▸ Data excerpts:
# # #

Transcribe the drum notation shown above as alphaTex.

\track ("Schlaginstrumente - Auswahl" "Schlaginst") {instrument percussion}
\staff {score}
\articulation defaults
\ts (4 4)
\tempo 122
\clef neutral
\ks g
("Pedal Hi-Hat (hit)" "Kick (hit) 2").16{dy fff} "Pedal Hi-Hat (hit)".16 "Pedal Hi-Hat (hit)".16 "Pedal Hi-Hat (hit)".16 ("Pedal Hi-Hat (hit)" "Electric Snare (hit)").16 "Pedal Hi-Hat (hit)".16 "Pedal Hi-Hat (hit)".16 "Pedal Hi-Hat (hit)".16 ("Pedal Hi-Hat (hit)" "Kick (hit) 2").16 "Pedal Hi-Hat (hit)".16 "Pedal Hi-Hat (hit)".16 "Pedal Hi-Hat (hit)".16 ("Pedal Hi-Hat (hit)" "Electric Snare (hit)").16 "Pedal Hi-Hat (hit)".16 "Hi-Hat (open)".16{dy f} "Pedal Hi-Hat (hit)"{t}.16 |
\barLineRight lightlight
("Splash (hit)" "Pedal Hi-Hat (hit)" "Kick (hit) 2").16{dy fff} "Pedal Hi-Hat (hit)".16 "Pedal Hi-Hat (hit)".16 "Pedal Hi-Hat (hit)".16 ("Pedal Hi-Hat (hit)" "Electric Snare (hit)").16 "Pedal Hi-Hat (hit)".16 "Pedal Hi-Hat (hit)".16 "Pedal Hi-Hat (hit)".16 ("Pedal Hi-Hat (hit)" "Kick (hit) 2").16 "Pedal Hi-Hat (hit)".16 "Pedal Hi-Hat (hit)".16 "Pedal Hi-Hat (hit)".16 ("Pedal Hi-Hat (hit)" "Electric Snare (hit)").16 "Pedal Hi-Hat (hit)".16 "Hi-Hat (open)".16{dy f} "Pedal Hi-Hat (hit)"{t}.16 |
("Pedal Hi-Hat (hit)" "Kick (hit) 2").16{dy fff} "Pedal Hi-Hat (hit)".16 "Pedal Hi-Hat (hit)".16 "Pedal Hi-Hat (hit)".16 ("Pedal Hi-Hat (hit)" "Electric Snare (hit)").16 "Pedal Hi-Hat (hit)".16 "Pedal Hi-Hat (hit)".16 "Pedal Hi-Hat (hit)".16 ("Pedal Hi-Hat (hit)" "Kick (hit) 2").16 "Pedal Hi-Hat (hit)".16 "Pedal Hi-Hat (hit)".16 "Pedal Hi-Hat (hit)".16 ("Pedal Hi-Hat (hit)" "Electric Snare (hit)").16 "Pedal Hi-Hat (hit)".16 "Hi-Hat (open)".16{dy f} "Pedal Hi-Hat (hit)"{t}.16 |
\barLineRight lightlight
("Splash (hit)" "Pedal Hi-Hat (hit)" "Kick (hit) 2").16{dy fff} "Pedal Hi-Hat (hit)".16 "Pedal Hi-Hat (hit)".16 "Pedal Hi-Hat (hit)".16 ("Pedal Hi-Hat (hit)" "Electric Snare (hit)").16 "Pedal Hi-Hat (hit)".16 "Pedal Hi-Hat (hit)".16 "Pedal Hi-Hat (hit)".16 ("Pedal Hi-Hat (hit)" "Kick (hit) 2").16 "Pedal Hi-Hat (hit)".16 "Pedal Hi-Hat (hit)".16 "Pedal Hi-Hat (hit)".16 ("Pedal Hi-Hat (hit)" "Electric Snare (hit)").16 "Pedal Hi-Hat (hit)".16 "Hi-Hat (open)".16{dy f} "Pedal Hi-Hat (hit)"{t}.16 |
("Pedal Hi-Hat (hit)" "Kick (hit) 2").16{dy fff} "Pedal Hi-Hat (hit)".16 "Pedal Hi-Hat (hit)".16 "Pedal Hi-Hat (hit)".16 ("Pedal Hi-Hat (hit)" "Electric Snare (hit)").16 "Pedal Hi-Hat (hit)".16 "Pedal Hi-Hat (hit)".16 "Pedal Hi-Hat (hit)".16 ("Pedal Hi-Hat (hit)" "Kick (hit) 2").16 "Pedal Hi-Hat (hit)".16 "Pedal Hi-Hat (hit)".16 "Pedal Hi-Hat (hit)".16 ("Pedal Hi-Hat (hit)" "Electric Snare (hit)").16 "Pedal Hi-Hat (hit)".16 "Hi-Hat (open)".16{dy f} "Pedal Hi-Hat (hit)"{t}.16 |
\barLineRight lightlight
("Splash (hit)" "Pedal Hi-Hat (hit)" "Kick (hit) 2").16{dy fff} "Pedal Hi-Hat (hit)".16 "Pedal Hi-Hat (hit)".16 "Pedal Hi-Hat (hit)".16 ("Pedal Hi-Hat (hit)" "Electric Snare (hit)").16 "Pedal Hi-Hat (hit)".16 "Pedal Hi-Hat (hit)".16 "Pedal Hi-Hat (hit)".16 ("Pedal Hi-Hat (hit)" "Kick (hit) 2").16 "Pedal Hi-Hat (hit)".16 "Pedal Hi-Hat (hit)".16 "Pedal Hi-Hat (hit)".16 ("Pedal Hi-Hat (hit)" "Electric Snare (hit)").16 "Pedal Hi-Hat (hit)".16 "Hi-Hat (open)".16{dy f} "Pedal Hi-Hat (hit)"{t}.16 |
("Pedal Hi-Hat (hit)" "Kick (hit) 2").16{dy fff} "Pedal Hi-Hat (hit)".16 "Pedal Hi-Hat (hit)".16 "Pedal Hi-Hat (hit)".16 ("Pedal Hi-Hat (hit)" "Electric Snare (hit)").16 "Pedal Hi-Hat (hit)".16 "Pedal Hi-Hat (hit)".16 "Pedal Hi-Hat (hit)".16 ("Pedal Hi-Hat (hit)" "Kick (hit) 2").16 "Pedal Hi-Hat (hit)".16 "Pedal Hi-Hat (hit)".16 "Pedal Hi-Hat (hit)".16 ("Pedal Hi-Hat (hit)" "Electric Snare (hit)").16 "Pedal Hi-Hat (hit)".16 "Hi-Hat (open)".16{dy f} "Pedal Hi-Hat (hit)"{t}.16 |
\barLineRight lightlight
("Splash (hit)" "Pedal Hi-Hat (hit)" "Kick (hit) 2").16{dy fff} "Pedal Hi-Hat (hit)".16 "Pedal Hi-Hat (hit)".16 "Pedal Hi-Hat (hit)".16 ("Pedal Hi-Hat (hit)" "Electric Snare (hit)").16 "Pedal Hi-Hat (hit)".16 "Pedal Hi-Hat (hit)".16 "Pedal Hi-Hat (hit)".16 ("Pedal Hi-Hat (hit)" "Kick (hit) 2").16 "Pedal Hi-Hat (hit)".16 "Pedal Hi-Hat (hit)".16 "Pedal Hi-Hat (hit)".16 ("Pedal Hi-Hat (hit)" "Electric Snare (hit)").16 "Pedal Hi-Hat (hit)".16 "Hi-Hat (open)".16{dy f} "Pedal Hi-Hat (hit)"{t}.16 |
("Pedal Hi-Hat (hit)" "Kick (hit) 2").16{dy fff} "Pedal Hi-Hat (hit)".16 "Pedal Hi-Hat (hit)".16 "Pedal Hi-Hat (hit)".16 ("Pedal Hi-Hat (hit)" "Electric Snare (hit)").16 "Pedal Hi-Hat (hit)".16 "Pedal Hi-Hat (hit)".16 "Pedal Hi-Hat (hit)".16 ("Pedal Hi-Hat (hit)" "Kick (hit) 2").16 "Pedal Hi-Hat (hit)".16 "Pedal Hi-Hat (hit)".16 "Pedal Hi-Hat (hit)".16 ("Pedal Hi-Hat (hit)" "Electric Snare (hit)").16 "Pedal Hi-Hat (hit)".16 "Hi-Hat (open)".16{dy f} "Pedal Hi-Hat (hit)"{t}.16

# # #

▸ What is needed:
All the data needs repeating. Return it exactly.

▸ Response area:
Transcribe the drum notation shown above as alphaTex.

\track ("Schlaginstrumente - Auswahl" "Schlaginst") {instrument percussion}
\staff {score}
\articulation defaults
\ts (4 4)
\tempo 122
\clef neutral
\ks g
("Pedal Hi-Hat (hit)" "Kick (hit) 2").16{dy fff} "Pedal Hi-Hat (hit)".16 "Pedal Hi-Hat (hit)".16 "Pedal Hi-Hat (hit)".16 ("Pedal Hi-Hat (hit)" "Electric Snare (hit)").16 "Pedal Hi-Hat (hit)".16 "Pedal Hi-Hat (hit)".16 "Pedal Hi-Hat (hit)".16 ("Pedal Hi-Hat (hit)" "Kick (hit) 2").16 "Pedal Hi-Hat (hit)".16 "Pedal Hi-Hat (hit)".16 "Pedal Hi-Hat (hit)".16 ("Pedal Hi-Hat (hit)" "Electric Snare (hit)").16 "Pedal Hi-Hat (hit)".16 "Hi-Hat (open)".16{dy f} "Pedal Hi-Hat (hit)"{t}.16 |
\barLineRight lightlight
("Splash (hit)" "Pedal Hi-Hat (hit)" "Kick (hit) 2").16{dy fff} "Pedal Hi-Hat (hit)".16 "Pedal Hi-Hat (hit)".16 "Pedal Hi-Hat (hit)".16 ("Pedal Hi-Hat (hit)" "Electric Snare (hit)").16 "Pedal Hi-Hat (hit)".16 "Pedal Hi-Hat (hit)".16 "Pedal Hi-Hat (hit)".16 ("Pedal Hi-Hat (hit)" "Kick (hit) 2").16 "Pedal Hi-Hat (hit)".16 "Pedal Hi-Hat (hit)".16 "Pedal Hi-Hat (hit)".16 ("Pedal Hi-Hat (hit)" "Electric Snare (hit)").16 "Pedal Hi-Hat (hit)".16 "Hi-Hat (open)".16{dy f} "Pedal Hi-Hat (hit)"{t}.16 |
("Pedal Hi-Hat (hit)" "Kick (hit) 2").16{dy fff} "Pedal Hi-Hat (hit)".16 "Pedal Hi-Hat (hit)".16 "Pedal Hi-Hat (hit)".16 ("Pedal Hi-Hat (hit)" "Electric Snare (hit)").16 "Pedal Hi-Hat (hit)".16 "Pedal Hi-Hat (hit)".16 "Pedal Hi-Hat (hit)".16 ("Pedal Hi-Hat (hit)" "Kick (hit) 2").16 "Pedal Hi-Hat (hit)".16 "Pedal Hi-Hat (hit)".16 "Pedal Hi-Hat (hit)".16 ("Pedal Hi-Hat (hit)" "Electric Snare (hit)").16 "Pedal Hi-Hat (hit)".16 "Hi-Hat (open)".16{dy f} "Pedal Hi-Hat (hit)"{t}.16 |
\barLineRight lightlight
("Splash (hit)" "Pedal Hi-Hat (hit)" "Kick (hit) 2").16{dy fff} "Pedal Hi-Hat (hit)".16 "Pedal Hi-Hat (hit)".16 "Pedal Hi-Hat (hit)".16 ("Pedal Hi-Hat (hit)" "Electric Snare (hit)").16 "Pedal Hi-Hat (hit)".16 "Pedal Hi-Hat (hit)".16 "Pedal Hi-Hat (hit)".16 ("Pedal Hi-Hat (hit)" "Kick (hit) 2").16 "Pedal Hi-Hat (hit)".16 "Pedal Hi-Hat (hit)".16 "Pedal Hi-Hat (hit)".16 ("Pedal Hi-Hat (hit)" "Electric Snare (hit)").16 "Pedal Hi-Hat (hit)".16 "Hi-Hat (open)".16{dy f} "Pedal Hi-Hat (hit)"{t}.16 |
("Pedal Hi-Hat (hit)" "Kick (hit) 2").16{dy fff} "Pedal Hi-Hat (hit)".16 "Pedal Hi-Hat (hit)".16 "Pedal Hi-Hat (hit)".16 ("Pedal Hi-Hat (hit)" "Electric Snare (hit)").16 "Pedal Hi-Hat (hit)".16 "Pedal Hi-Hat (hit)".16 "Pedal Hi-Hat (hit)".16 ("Pedal Hi-Hat (hit)" "Kick (hit) 2").16 "Pedal Hi-Hat (hit)".16 "Pedal Hi-Hat (hit)".16 "Pedal Hi-Hat (hit)".16 ("Pedal Hi-Hat (hit)" "Electric Snare (hit)").16 "Pedal Hi-Hat (hit)".16 "Hi-Hat (open)".16{dy f} "Pedal Hi-Hat (hit)"{t}.16 |
\barLineRight lightlight
("Splash (hit)" "Pedal Hi-Hat (hit)" "Kick (hit) 2").16{dy fff} "Pedal Hi-Hat (hit)".16 "Pedal Hi-Hat (hit)".16 "Pedal Hi-Hat (hit)".16 ("Pedal Hi-Hat (hit)" "Electric Snare (hit)").16 "Pedal Hi-Hat (hit)".16 "Pedal Hi-Hat (hit)".16 "Pedal Hi-Hat (hit)".16 ("Pedal Hi-Hat (hit)" "Kick (hit) 2").16 "Pedal Hi-Hat (hit)".16 "Pedal Hi-Hat (hit)".16 "Pedal Hi-Hat (hit)".16 ("Pedal Hi-Hat (hit)" "Electric Snare (hit)").16 "Pedal Hi-Hat (hit)".16 "Hi-Hat (open)".16{dy f} "Pedal Hi-Hat (hit)"{t}.16 |
("Pedal Hi-Hat (hit)" "Kick (hit) 2").16{dy fff} "Pedal Hi-Hat (hit)".16 "Pedal Hi-Hat (hit)".16 "Pedal Hi-Hat (hit)".16 ("Pedal Hi-Hat (hit)" "Electric Snare (hit)").16 "Pedal Hi-Hat (hit)".16 "Pedal Hi-Hat (hit)".16 "Pedal Hi-Hat (hit)".16 ("Pedal Hi-Hat (hit)" "Kick (hit) 2").16 "Pedal Hi-Hat (hit)".16 "Pedal Hi-Hat (hit)".16 "Pedal Hi-Hat (hit)".16 ("Pedal Hi-Hat (hit)" "Electric Snare (hit)").16 "Pedal Hi-Hat (hit)".16 "Hi-Hat (open)".16{dy f} "Pedal Hi-Hat (hit)"{t}.16 |
\barLineRight lightlight
("Splash (hit)" "Pedal Hi-Hat (hit)" "Kick (hit) 2").16{dy fff} "Pedal Hi-Hat (hit)".16 "Pedal Hi-Hat (hit)".16 "Pedal Hi-Hat (hit)".16 ("Pedal Hi-Hat (hit)" "Electric Snare (hit)").16 "Pedal Hi-Hat (hit)".16 "Pedal Hi-Hat (hit)".16 "Pedal Hi-Hat (hit)".16 ("Pedal Hi-Hat (hit)" "Kick (hit) 2").16 "Pedal Hi-Hat (hit)".16 "Pedal Hi-Hat (hit)".16 "Pedal Hi-Hat (hit)".16 ("Pedal Hi-Hat (hit)" "Electric Snare (hit)").16 "Pedal Hi-Hat (hit)".16 "Hi-Hat (open)".16{dy f} "Pedal Hi-Hat (hit)"{t}.16 |
("Pedal Hi-Hat (hit)" "Kick (hit) 2").16{dy fff} "Pedal Hi-Hat (hit)".16 "Pedal Hi-Hat (hit)".16 "Pedal Hi-Hat (hit)".16 ("Pedal Hi-Hat (hit)" "Electric Snare (hit)").16 "Pedal Hi-Hat (hit)".16 "Pedal Hi-Hat (hit)".16 "Pedal Hi-Hat (hit)".16 ("Pedal Hi-Hat (hit)" "Kick (hit) 2").16 "Pedal Hi-Hat (hit)".16 "Pedal Hi-Hat (hit)".16 "Pedal Hi-Hat (hit)".16 ("Pedal Hi-Hat (hit)" "Electric Snare (hit)").16 "Pedal Hi-Hat (hit)".16 "Hi-Hat (open)".16{dy f} "Pedal Hi-Hat (hit)"{t}.16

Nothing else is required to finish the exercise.